═════ Data
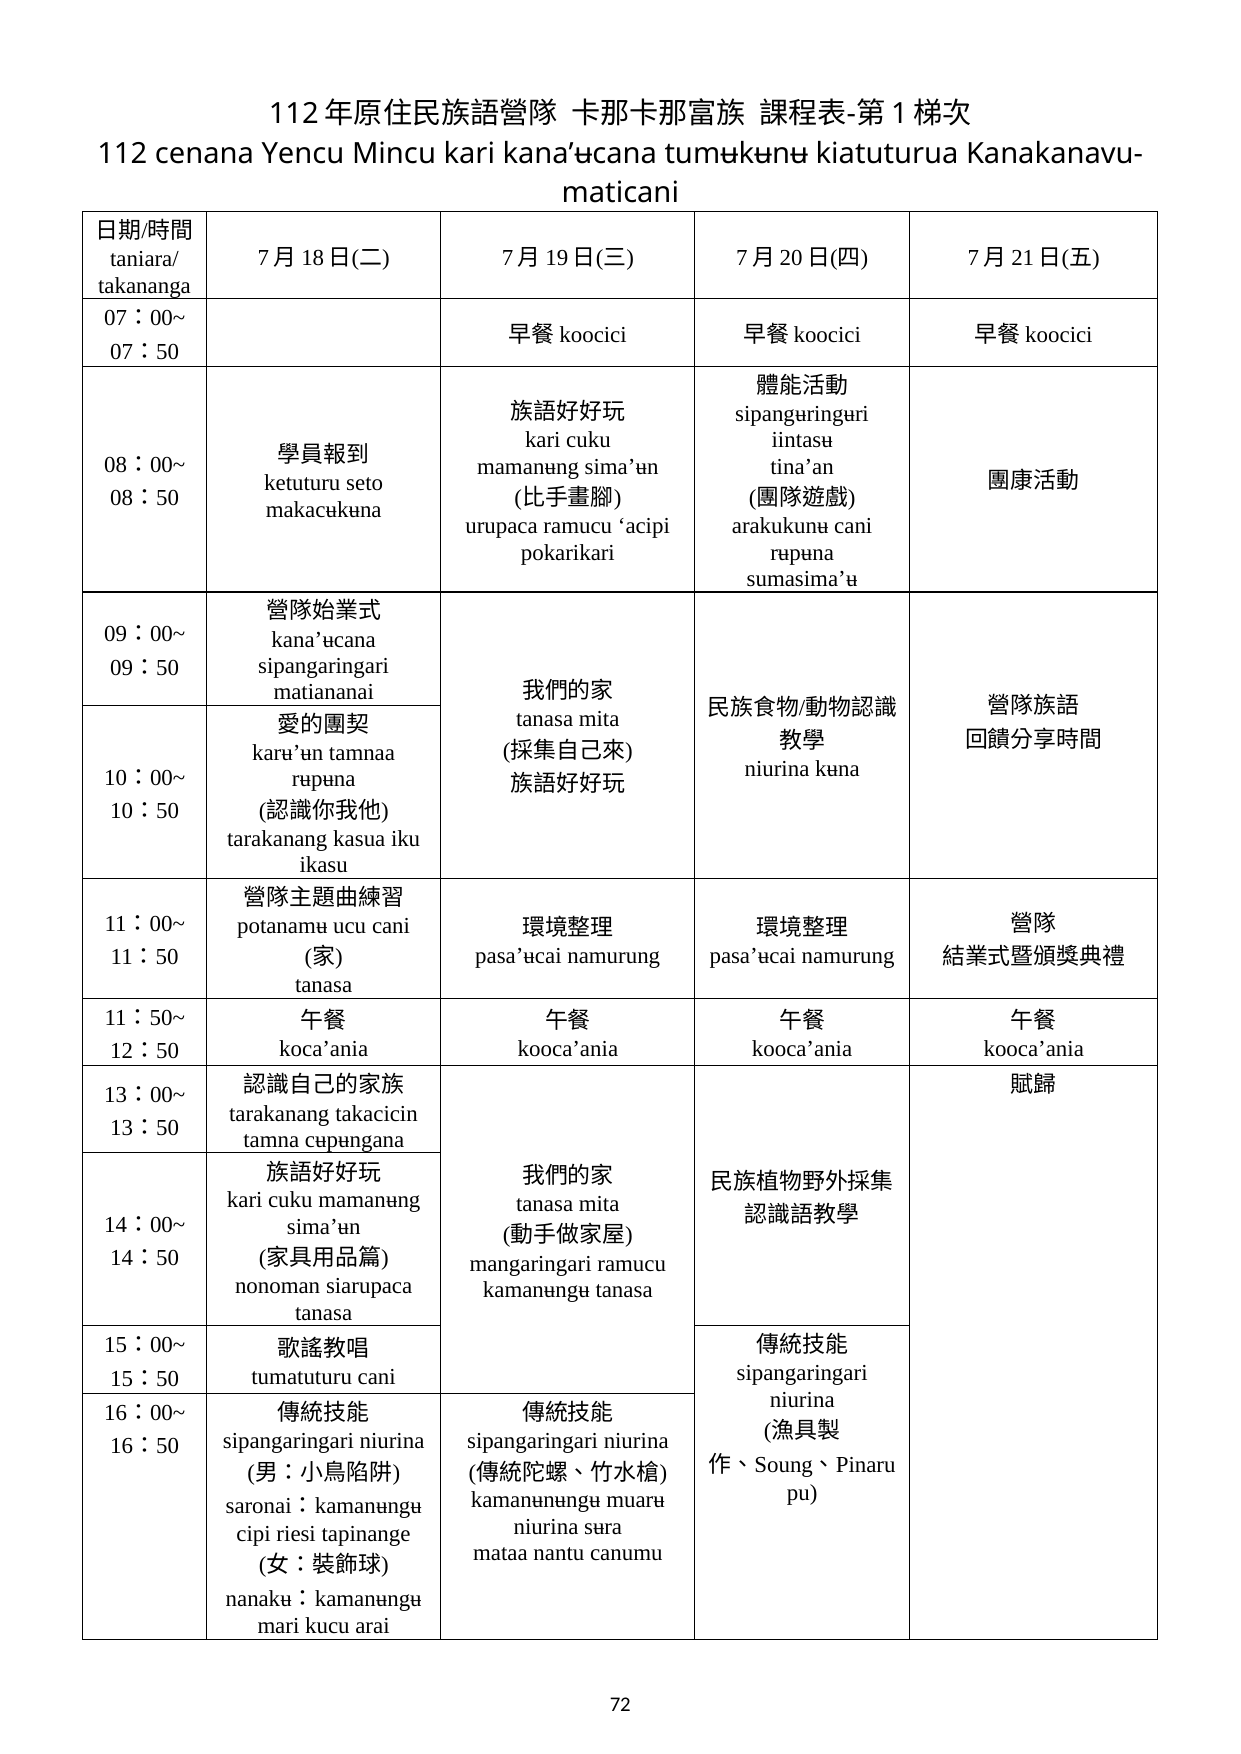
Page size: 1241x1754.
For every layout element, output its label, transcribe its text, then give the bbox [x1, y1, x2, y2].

table_cell 11：00~ 11：50 [83, 879, 206, 998]
table_cell 早餐koocici [910, 299, 1157, 366]
table_cell 我們的家 tanasa mita (動手做家屋) mangaringari ramucu kamanʉngʉ tanasa [441, 1066, 694, 1393]
table_cell 午餐 kooca’ania [695, 999, 909, 1065]
table_cell 午餐 kooca’ania [910, 999, 1157, 1065]
table_header 7月20日(四) [695, 212, 909, 298]
table_cell 民族食物/動物認識教學 niurina kʉna [695, 593, 909, 878]
table_cell 07：00~ 07：50 [83, 299, 206, 366]
table_cell 營隊主題曲練習 potanamʉ ucu cani (家) tanasa [207, 879, 440, 998]
table_cell 族語好好玩 kari cuku mamanʉng sima’ʉn (家具用品篇) nonoman siarupaca tanasa [207, 1153, 440, 1325]
table_cell 早餐koocici [441, 299, 694, 366]
table_cell 團康活動 [910, 367, 1157, 591]
table_cell 08：00~ 08：50 [83, 367, 206, 591]
table_cell 我們的家 tanasa mita (採集自己來) 族語好好玩 [441, 593, 694, 878]
table_cell [207, 299, 440, 366]
table_cell 營隊 結業式暨頒獎典禮 [910, 879, 1157, 998]
table_cell 11：50~ 12：50 [83, 999, 206, 1065]
table_cell 愛的團契 karʉ’ʉn tamnaa rʉpʉna (認識你我他) tarakanang kasua iku ikasu [207, 706, 440, 878]
text 112 cenana Yencu Mincu kari kana’ʉcana tumʉkʉnʉ kiatuturua Kanakanavu-maticani [83, 132, 1158, 211]
table_cell 體能活動 sipangʉringʉri iintasʉ tina’an (團隊遊戲) arakukunʉ cani rʉpʉna sumasima’ʉ [695, 367, 909, 591]
table_header 日期/時間 taniara/ takananga [83, 212, 206, 298]
table_cell 賦歸 [910, 1066, 1157, 1639]
table_cell 認識自己的家族 tarakanang takacicin tamna cʉpʉngana [207, 1066, 440, 1152]
table_cell 族語好好玩 kari cuku mamanʉng sima’ʉn (比手畫腳) urupaca ramucu ‘acipi pokarikari [441, 367, 694, 591]
table_cell 16：00~ 16：50 [83, 1394, 206, 1639]
table_cell 環境整理 pasa’ʉcai namurung [695, 879, 909, 998]
table_cell 13：00~ 13：50 [83, 1066, 206, 1152]
table_header 7月21日(五) [910, 212, 1157, 298]
table_cell 早餐koocici [695, 299, 909, 366]
table_cell 10：00~ 10：50 [83, 706, 206, 878]
table_cell 傳統技能 sipangaringari niurina (男：小鳥陷阱) saronai：kamanʉngʉ cipi riesi tapinange (女：裝飾球) nanakʉ：kamanʉngʉ mari kucu arai [207, 1394, 440, 1639]
table_header 7月19日(三) [441, 212, 694, 298]
table_cell 午餐 koca’ania [207, 999, 440, 1065]
table_cell 營隊始業式 kana’ʉcana sipangaringari matiananai [207, 593, 440, 705]
table_cell 15：00~ 15：50 [83, 1326, 206, 1393]
table_cell 民族植物野外採集認識語教學 [695, 1066, 909, 1325]
text 112年原住民族語營隊 卡那卡那富族 課程表-第1梯次 [83, 89, 1158, 132]
table_cell 環境整理 pasa’ʉcai namurung [441, 879, 694, 998]
table_cell 營隊族語 回饋分享時間 [910, 593, 1157, 878]
table_cell 傳統技能 sipangaringari niurina (漁具製作、Soung、Pinarupu) [695, 1326, 909, 1639]
table_cell 09：00~ 09：50 [83, 593, 206, 705]
table_cell 歌謠教唱 tumatuturu cani [207, 1326, 440, 1393]
table_cell 午餐 kooca’ania [441, 999, 694, 1065]
table_cell 14：00~ 14：50 [83, 1153, 206, 1325]
table_header 7月18日(二) [207, 212, 440, 298]
table_cell 傳統技能 sipangaringari niurina (傳統陀螺、竹水槍) kamanʉnʉngʉ muarʉ niurina sʉra mataa nantu canumu [441, 1394, 694, 1639]
table_cell 學員報到 ketuturu seto makacʉkʉna [207, 367, 440, 591]
══════════
#### Task goal:
Beginning with the line containing "table_header 7月19日(三) [441, 212, 694, 298]" and ending with the line containing "table_cell 傳統技能 sipangaringari niurina (漁具製作、Soung、Pinarupu)", extract those lines exactly from the listing above, and only those.

#### The completed task:
table_header 7月19日(三) [441, 212, 694, 298]
table_cell 午餐 koca’ania [207, 999, 440, 1065]
table_cell 營隊始業式 kana’ʉcana sipangaringari matiananai [207, 593, 440, 705]
table_cell 15：00~ 15：50 [83, 1326, 206, 1393]
table_cell 民族植物野外採集認識語教學 [695, 1066, 909, 1325]
text 112年原住民族語營隊 卡那卡那富族 課程表-第1梯次 [83, 89, 1158, 132]
table_cell 環境整理 pasa’ʉcai namurung [441, 879, 694, 998]
table_cell 營隊族語 回饋分享時間 [910, 593, 1157, 878]
table_cell 傳統技能 sipangaringari niurina (漁具製作、Soung、Pinarupu) [695, 1326, 909, 1639]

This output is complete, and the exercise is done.